Introduction
With the massive explosion of data generated and published in the past few decades comes new challenges. Data analysts and scientists now have to discover patterns in this unprecedented amount of raw and often redundant data. In order to do that, data must go through a very critical and sensitive process of cleaning to produce high quality data that can later be used to estimate and draw generalizable conclusions.
In this report datasets provided by Credit Union Cherry Blossom Ten Mile Run were used. Cherry Blossom started in 1973 with the primary objective of training elite runners who were aiming to participate in the Boston Marathon. Since then, it has gained more popularity. In 2012 nearly 17,000 runners ranging in age from 9 to 89 participated. The organizers publish the results after each year’s race at http://www.cherryblossom.org/. The datasets include the runners’ names, ages, and hometowns which act as a valuable resource for forming a better understanding of the relationship between age and performance.
Loading the data
13 text files for each gender containing data from 1999 to 2012 was rearranged in one text files with 150000 observations. This process would be very tedious and time consuming if done manually considering how both the format and the manner the information was reported is different from year to year. These changes can be seen as differences in the format of the table header and the use of footnotes. The tables had many errors including values that begin in the wrong column, missing headers, as well as other mistakes
After Fix
A customized programming approach was used to transform the text files to tables, the following codes shows the two main functions for finding the columns locations and seperating the rows to each columns
findLocs = function(spaceRow) {
rowLength = nchar(spaceRow)
searchLocs <- c(0,gregexpr(" ",spaceRow)[[1]])

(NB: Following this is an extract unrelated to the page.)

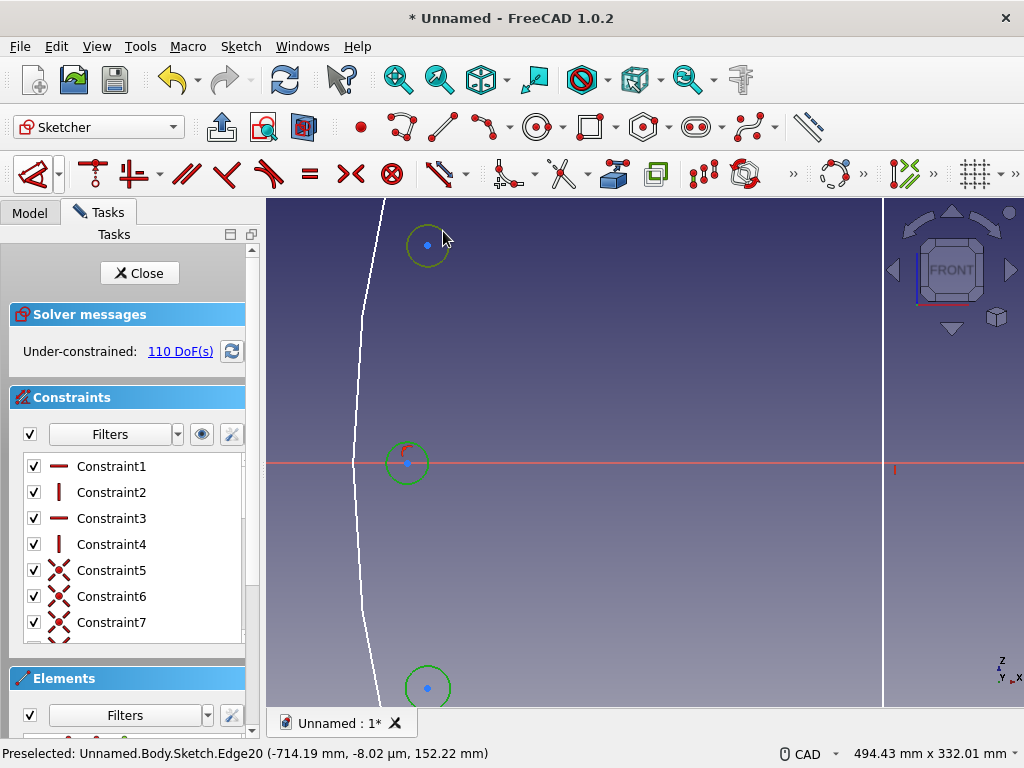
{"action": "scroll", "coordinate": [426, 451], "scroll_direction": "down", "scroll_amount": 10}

if (substring(spaceRow, rowLength, rowLength) != " ")
return(c(searchLocs,rowLength +1))
else return(searchLocs)
}MakeColumns <- function(rowData,year){
indexEq <-grep('^==',rowData)
headerRow <- rowData[indexEq-1]
body <- rowData[indexEq+1:length(rowData)]

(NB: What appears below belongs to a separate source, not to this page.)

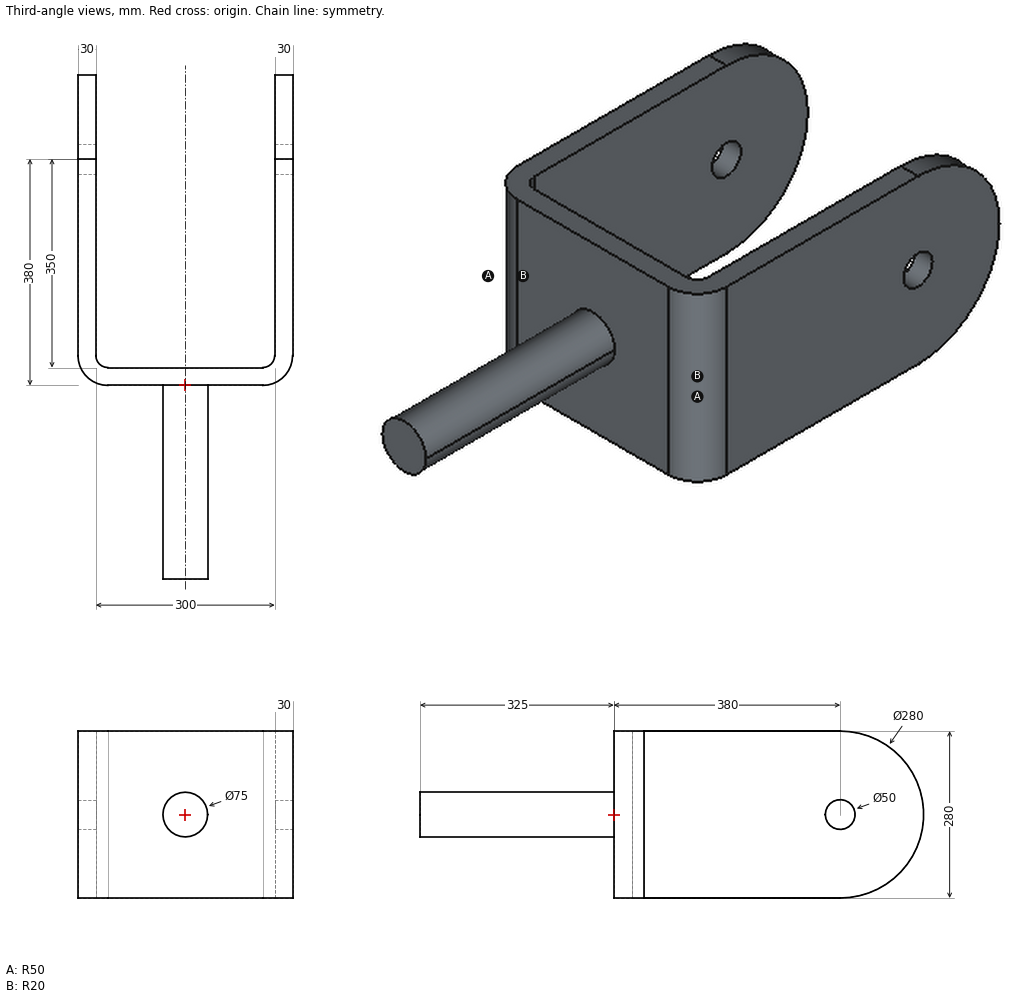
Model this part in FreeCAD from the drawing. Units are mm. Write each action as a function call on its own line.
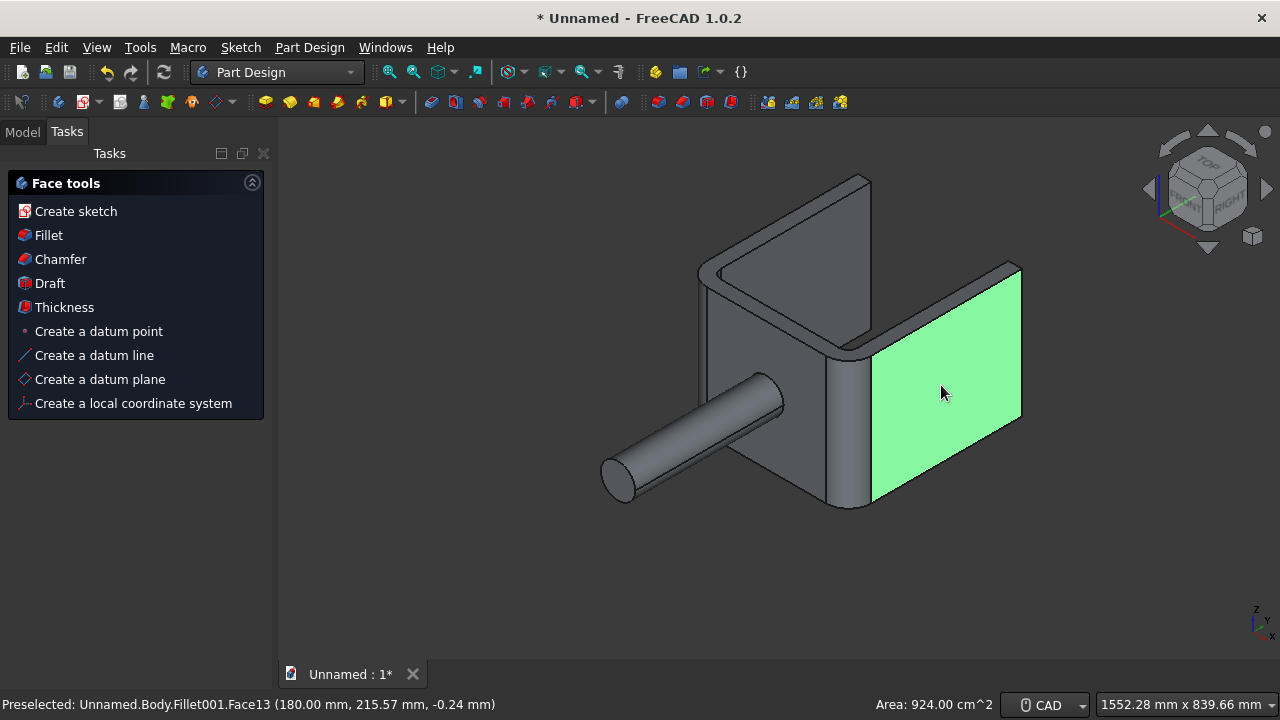
click(84, 102)

spaceRow <- rowData[indexEq]
headerRow <- tolower(headerRow)
searchLocs <- findLocs(spaceRow)
df <- mapply(substr,list(body),start=searchLocs[-length(searchLocs)]+1,
stop = searchLocs[-1]-1)
colnames(df)<-mapply(substr,list(headerRow),start=searchLocs[-length(searchLocs)]+1,
stop = searchLocs[-1]-1)
df <- select(df,c('place','ag','name','hometown','time'))
return(df)
}Inspecting/Cleaning The Data
After loading the data we need to do initial inspecting to find any out-of-the-ordinary patterns. by the first inspection, we see the age values for 2003 and 2006 look off, a box plot can be a great tool to detect errors like this, going back to the original text files, and manipulate align the columns better we were able to fix it.
| place | ag | name | hometown | time | year | gender |
|---|---|---|---|---|---|---|
| 1 | 28 | Worku Bikila | Ethiopia | 46:59 | 1999 | Male |
| 2 | 24 | Lazarus Nyakeraka | Kenya | 47:01 | 1999 | Male |
| 3 | 27 | James Kariuki | Kenya | 47:03 | 1999 | Male |
| 4 | 28 | William Kiptum | Kenya | 47:07 | 1999 | Male |
| 5 | 26 | Joseph Kimani | Kenya | 47:31 | 1999 | Male |
| 6 | 25 | Josphat Machuka | Kenya | 47:33 | 1999 | Male |
Before Fix
After Fix
Formating Columns
The next step is to formate the columns correctly. In order to be able to manipulate the time, a new formate should be made. from h:m:s to number of minutes
This can easily be made with a bit of math.
toMinutes <- function(x){
if(length(x)==2){
return(x[1]+x[2]/60)}
else{return(x[1]*60 + x[2] +x[3]/60)
}
}Further Inspection
We once again used boxplot to summarize the number of minutes across both genders across the years, no outliers are found, although 505 missing data exist out of 15000. scatter plot is a great tool to quickly visualize the data and find any obvious trends which can tell us if we have cleaned data.
## Min. 1st Qu. Median Mean 3rd Qu. Max. NA's
## 45.25 84.72 96.47 97.36 108.92 177.52 505plotting scatter plot
Initial Analysis
This sequence of boxplots shows the quartiles of time for men grouped into 10-year age intervals. As age increases, all the quartiles increase. However, the box becomes asymmetrical with age, which indicates that the upper quartile increases faster than the median and lower quartile.
Conclusion
In this project, we demonstrated how to load data from multiple unsynchronized text files into one data frame. In a corporate scenario where such a task is needed, a multidisciplinary team usually handles the cleaning and organizing of the text files and loads them into a database to be furthered analyzed inside a GUI application. Programming language can speed up the cleaning process while simultaneously allow us to discover and analyze the data.